**Task directions:** I'd like every record written out again, exactly as it is.

Start of Block

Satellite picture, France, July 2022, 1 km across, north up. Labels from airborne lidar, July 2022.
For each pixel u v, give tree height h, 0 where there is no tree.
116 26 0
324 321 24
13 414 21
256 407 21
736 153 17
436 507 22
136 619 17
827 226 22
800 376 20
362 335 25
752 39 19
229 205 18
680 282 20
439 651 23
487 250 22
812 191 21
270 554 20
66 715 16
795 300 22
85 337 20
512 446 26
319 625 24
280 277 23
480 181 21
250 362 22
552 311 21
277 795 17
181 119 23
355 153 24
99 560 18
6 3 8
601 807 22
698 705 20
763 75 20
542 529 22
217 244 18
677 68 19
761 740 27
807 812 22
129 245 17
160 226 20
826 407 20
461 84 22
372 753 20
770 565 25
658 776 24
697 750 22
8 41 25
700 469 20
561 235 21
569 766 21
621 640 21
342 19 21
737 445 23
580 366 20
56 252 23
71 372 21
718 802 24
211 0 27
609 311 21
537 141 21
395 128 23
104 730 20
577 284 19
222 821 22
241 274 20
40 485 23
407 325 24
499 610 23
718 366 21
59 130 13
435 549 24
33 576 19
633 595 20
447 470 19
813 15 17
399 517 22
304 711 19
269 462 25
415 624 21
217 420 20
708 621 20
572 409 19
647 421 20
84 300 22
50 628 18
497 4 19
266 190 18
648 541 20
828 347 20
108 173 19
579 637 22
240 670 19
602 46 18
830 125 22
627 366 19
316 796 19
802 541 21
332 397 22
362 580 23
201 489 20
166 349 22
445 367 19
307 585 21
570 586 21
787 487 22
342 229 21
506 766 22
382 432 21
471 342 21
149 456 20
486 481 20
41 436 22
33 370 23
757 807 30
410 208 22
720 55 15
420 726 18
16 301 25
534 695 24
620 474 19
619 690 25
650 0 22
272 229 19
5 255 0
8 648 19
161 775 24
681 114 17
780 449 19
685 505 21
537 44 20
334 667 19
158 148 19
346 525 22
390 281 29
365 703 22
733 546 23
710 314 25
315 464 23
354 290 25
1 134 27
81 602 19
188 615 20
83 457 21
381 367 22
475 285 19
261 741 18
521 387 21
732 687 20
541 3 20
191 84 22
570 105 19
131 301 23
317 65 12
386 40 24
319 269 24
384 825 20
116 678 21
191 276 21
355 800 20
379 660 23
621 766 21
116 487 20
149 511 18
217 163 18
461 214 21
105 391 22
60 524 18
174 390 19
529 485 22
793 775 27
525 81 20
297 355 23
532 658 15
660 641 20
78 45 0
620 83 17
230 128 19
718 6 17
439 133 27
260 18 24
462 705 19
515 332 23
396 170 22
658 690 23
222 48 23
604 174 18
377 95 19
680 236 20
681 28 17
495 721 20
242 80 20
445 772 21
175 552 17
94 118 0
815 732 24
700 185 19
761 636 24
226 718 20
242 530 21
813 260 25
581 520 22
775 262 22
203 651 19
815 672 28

End of Block

**Written solution:**
Satellite picture, France, July 2022, 1 km across, north up. Labels from airborne lidar, July 2022.
For each pixel u v, give tree height h, 0 where there is no tree.
116 26 0
324 321 24
13 414 21
256 407 21
736 153 17
436 507 22
136 619 17
827 226 22
800 376 20
362 335 25
752 39 19
229 205 18
680 282 20
439 651 23
487 250 22
812 191 21
270 554 20
66 715 16
795 300 22
85 337 20
512 446 26
319 625 24
280 277 23
480 181 21
250 362 22
552 311 21
277 795 17
181 119 23
355 153 24
99 560 18
6 3 8
601 807 22
698 705 20
763 75 20
542 529 22
217 244 18
677 68 19
761 740 27
807 812 22
129 245 17
160 226 20
826 407 20
461 84 22
372 753 20
770 565 25
658 776 24
697 750 22
8 41 25
700 469 20
561 235 21
569 766 21
621 640 21
342 19 21
737 445 23
580 366 20
56 252 23
71 372 21
718 802 24
211 0 27
609 311 21
537 141 21
395 128 23
104 730 20
577 284 19
222 821 22
241 274 20
40 485 23
407 325 24
499 610 23
718 366 21
59 130 13
435 549 24
33 576 19
633 595 20
447 470 19
813 15 17
399 517 22
304 711 19
269 462 25
415 624 21
217 420 20
708 621 20
572 409 19
647 421 20
84 300 22
50 628 18
497 4 19
266 190 18
648 541 20
828 347 20
108 173 19
579 637 22
240 670 19
602 46 18
830 125 22
627 366 19
316 796 19
802 541 21
332 397 22
362 580 23
201 489 20
166 349 22
445 367 19
307 585 21
570 586 21
787 487 22
342 229 21
506 766 22
382 432 21
471 342 21
149 456 20
486 481 20
41 436 22
33 370 23
757 807 30
410 208 22
720 55 15
420 726 18
16 301 25
534 695 24
620 474 19
619 690 25
650 0 22
272 229 19
5 255 0
8 648 19
161 775 24
681 114 17
780 449 19
685 505 21
537 44 20
334 667 19
158 148 19
346 525 22
390 281 29
365 703 22
733 546 23
710 314 25
315 464 23
354 290 25
1 134 27
81 602 19
188 615 20
83 457 21
381 367 22
475 285 19
261 741 18
521 387 21
732 687 20
541 3 20
191 84 22
570 105 19
131 301 23
317 65 12
386 40 24
319 269 24
384 825 20
116 678 21
191 276 21
355 800 20
379 660 23
621 766 21
116 487 20
149 511 18
217 163 18
461 214 21
105 391 22
60 524 18
174 390 19
529 485 22
793 775 27
525 81 20
297 355 23
532 658 15
660 641 20
78 45 0
620 83 17
230 128 19
718 6 17
439 133 27
260 18 24
462 705 19
515 332 23
396 170 22
658 690 23
222 48 23
604 174 18
377 95 19
680 236 20
681 28 17
495 721 20
242 80 20
445 772 21
175 552 17
94 118 0
815 732 24
700 185 19
761 636 24
226 718 20
242 530 21
813 260 25
581 520 22
775 262 22
203 651 19
815 672 28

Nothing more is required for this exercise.